Inflation: Nigeria consumer prices fall for 7th month straight
Falling food prices led the move lower in Nigeria’s headline inflation rate.

Nigeria continues to buck the global trend of rising prices, with consumer prices ticking lower for the seventh month running, government figures showed on Monday.
Nigeria’s inflation rate fell to 15.99 percent in October compared with the same period last year, and was 0.64 percent lower than September’s annualised reading, the country’s National Statistics office said.
The drop in the headline rate was driven by easing annual food inflation, with prices falling from 19.5 percent in September to 18.3 percent in October.
“Domestic factors appear to be behind the drop in food price pressures; imported food inflation remained stable,” noted Capital Economics Virag Forizs in a client note on Monday.

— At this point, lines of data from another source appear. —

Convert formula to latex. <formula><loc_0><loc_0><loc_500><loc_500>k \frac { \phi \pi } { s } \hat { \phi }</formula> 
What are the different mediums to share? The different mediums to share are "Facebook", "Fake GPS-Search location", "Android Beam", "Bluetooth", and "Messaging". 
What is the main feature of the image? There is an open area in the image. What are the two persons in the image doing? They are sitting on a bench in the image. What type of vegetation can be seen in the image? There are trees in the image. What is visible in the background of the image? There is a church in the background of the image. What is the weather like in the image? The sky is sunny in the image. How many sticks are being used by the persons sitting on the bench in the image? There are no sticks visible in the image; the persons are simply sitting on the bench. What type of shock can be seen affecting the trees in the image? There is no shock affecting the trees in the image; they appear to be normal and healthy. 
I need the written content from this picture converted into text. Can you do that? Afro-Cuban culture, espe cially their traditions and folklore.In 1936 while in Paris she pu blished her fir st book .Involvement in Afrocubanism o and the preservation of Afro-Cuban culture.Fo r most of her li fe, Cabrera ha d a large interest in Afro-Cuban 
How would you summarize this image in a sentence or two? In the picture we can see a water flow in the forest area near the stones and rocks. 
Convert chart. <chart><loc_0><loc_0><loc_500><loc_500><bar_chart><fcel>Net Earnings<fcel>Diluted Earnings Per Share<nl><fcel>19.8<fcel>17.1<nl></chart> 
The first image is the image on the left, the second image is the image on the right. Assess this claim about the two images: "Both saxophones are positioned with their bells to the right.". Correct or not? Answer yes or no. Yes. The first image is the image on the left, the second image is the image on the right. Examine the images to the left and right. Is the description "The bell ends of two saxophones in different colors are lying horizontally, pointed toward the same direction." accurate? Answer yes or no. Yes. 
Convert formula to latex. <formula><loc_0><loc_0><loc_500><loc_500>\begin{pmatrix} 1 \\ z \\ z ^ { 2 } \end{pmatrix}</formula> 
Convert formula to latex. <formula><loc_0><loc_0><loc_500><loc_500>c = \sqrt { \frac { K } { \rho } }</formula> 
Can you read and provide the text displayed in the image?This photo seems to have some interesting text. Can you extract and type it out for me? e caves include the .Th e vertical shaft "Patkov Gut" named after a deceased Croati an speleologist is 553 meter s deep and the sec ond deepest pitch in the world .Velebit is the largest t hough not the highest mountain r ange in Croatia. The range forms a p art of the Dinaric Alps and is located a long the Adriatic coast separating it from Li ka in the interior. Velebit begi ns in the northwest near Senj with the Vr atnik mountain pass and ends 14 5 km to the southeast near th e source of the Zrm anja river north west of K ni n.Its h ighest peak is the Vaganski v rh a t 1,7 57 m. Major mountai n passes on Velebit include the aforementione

The downward trend, said analysts, is likely to give the country’s monetary policymakers sufficient space to hold interest rates steady when they meet next week, rather than be compelled to increase them to cool rising prices – a move that could also weigh on economic growth in Africa’s largest economy.
Inflation has exceeded the central bank’s targeted rate of 6 percent – 9 percent for years. Forizs said that while it is like to keep edging lower over the coming months, inflation is unlikely to fall within the central bank’s target range “any time soon.”
She added that ‘increasingly distortionary” foreign exchange rules will continue to weigh on the country’s currency, the naira, which will “keep imported goods inflation high.”